Lo primero que habría que evitar, sin duda alguna, es que se pierda el voto. Un voto dado a una

candidatura sin base, o a un grupúsculo que sólo actúe en pocos lugares del territorio, son votos perdidos.

Sólo las grandes fuerzas políticas, con arraigo y posibilidades en todo el territorio nacional, o en una gran

región, tienen posibilidades de convertir las ideas en realidades, los principios en acciones concretas, y los

deseos en posibilidad operativa.

Dar vuelta a la tortilla

Lo segundo que no debería ocurrir es el voto por impulsos pasionales, por nostalgias o por resentimientos.

Tengo una gran simpatía humana por los integristas de uno y otro lado; pero sus actitudes no son

positivas en política. Así, piensa que las muchas buenas gentes que añoran a Franco y a la sociedad que

supo crear, deben votar a Alianza Popular, precisamente por ser reformista y poco nostálgica; porque

asume él pasado para superarlo.
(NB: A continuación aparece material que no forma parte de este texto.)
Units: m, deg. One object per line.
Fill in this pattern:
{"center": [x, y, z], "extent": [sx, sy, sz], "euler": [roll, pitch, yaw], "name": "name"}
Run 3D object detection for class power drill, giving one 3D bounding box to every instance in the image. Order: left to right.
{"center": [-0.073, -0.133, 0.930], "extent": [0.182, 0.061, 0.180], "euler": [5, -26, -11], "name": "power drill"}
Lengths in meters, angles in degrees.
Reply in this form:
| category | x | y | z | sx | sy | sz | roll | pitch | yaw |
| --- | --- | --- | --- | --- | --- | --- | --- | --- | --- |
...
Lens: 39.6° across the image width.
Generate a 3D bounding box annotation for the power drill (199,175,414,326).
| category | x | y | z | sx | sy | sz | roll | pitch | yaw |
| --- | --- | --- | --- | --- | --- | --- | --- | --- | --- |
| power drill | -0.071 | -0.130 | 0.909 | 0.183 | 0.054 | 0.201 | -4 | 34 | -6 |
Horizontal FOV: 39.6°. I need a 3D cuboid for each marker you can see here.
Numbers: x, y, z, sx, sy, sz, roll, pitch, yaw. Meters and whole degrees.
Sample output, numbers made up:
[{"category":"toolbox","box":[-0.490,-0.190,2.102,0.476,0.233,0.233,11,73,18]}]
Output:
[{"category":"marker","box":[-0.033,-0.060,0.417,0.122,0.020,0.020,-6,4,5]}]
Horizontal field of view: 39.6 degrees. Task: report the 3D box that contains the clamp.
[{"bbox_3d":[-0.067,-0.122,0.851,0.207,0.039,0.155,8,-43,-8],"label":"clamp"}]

Creo igualmente que votar pensando en viejos odios o revanchas carece

hoy de sentido. No se trata de dar la vuelta a la tortilla; se trata de arreglar las cosas

seria, honesta y prudentemente entre los españoles de hoy, y pensando en el mañana inmediato. Digo lo

mismo de los que se equivocarían buscando la justicia social en la lucha de clases; o los que quieren

engañar a la juventud enfrentándoles con sus padres y con su patria, que es la tierra y la sociedad de sus

padres.

Escoger y mojarse

Un tercer error a evitar sería el considerar esta elección como una adhesión más al Gobierno y a sus

propuestas. Esto no es un referéndum. Es una opción entre propuestas de programa y personas

representativas de los mismos. Hay que escoger. Hay que mojarse. Quien no lo haga, no podrá quejarse

después.

No a aventuras e improvisaciones

Pasemos a lo positivo: lo que deberíamos hacer o procurar. En primer lugar, el resultado de la elección

debe ser claro. Para ello hay que concentrar el voto en las fuerzas nacionales importantes y significativas.
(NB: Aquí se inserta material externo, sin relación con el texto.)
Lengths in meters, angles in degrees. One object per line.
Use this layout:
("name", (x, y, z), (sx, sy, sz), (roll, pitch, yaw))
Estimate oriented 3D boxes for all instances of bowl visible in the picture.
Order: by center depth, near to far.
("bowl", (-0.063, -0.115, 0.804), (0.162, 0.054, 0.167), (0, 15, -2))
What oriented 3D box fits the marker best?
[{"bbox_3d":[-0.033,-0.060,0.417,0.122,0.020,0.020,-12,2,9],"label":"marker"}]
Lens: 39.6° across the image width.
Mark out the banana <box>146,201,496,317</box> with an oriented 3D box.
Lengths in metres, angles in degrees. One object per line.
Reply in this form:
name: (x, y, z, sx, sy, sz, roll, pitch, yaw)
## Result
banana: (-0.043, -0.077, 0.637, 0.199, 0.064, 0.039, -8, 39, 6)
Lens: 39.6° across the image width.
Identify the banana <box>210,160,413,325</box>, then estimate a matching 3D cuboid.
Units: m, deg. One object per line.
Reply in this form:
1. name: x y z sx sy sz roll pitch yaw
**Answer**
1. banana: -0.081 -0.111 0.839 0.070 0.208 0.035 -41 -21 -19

Alianza Popular lo es: ofrece seguridad, orden, cumplimiento de la ley, restauración de la confianza

ciudadana, desarrollo económico, un programa avanzado de justicia social. Es una fuerza moderada,

dispuesta al diálogo con todos, que patrocina cambios reales y prudentes; que se opone a las aventuras y a

las improvisaciones, pero que como ninguna desea un salto hacia el futuro, para que la España del año

2.000 sea tanto mejor respeto de la actual, como ésta lo es sin duda respecto de los años 30.
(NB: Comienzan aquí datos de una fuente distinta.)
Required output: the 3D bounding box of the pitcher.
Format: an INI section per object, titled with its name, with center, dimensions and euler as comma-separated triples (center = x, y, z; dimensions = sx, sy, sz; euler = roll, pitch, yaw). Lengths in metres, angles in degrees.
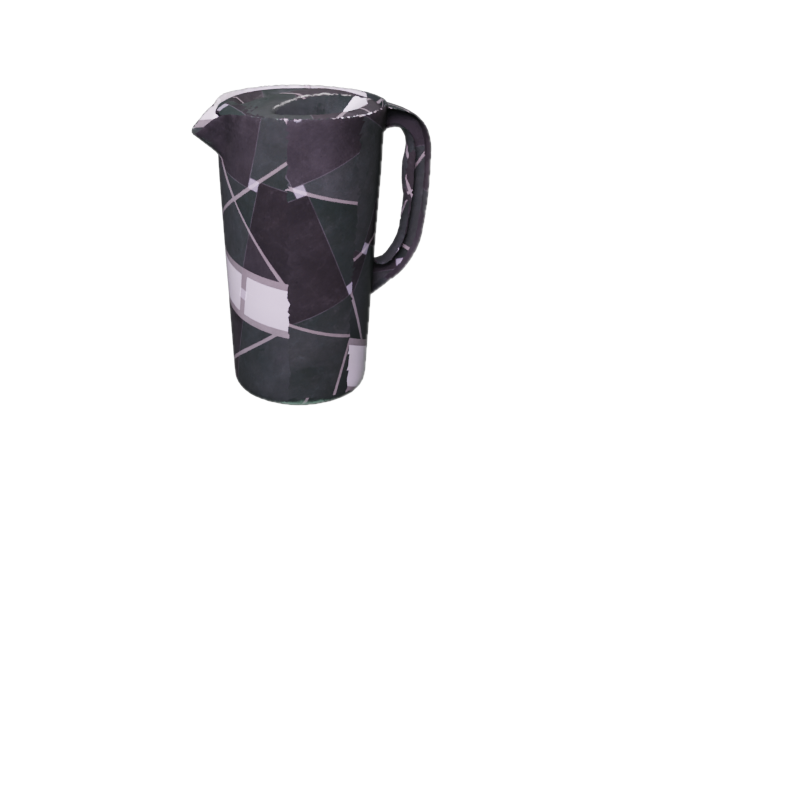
[pitcher]
center = -0.069, -0.126, 0.884
dimensions = 0.155, 0.232, 0.146
euler = 11, 24, 23
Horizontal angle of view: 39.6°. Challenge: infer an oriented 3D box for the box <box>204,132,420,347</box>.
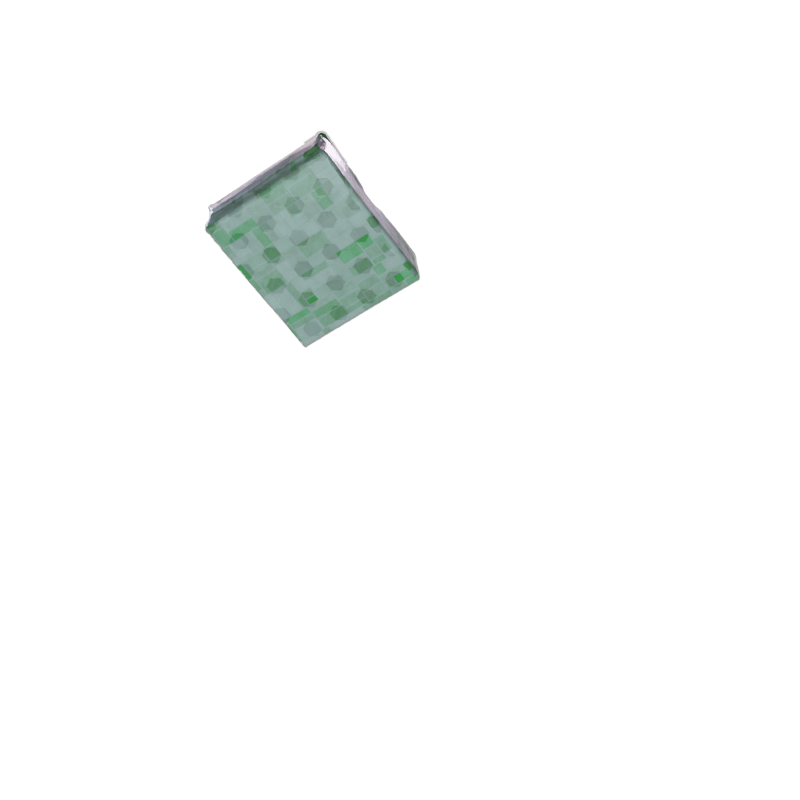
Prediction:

En segundo lugar, esa claridad debe referirse, sobre todo, al modelo económico-social, y en general a las

instituciones que afectan a la vida propiamente dicha de los ciudadanos. Alianza Popular defiende la

familia como unidad básica de la convivencia entre los sexos y entre las generaciones. Propugna la plena

igualdad para la mujer, y las máximas oportunidades para la juventud; no está por el amor libre, ni por las

comunas sexuales, ni por la pornografía, ni por el aborto, ni por la fácil disolución de la unidad familiar.

Alianza Popular está, con la misma decisión, por la libertad de empresa y de trabajo. No cree en las

nacionalizaciones, ni en los colectivismos económicos; afirma que los «koljoses» soviéticos y las

comunas chinas producen menos que las granjas americanas; y que la industria alemana y japonesa le dan

ciento y raya a la de Rusia o Checoslovaquia.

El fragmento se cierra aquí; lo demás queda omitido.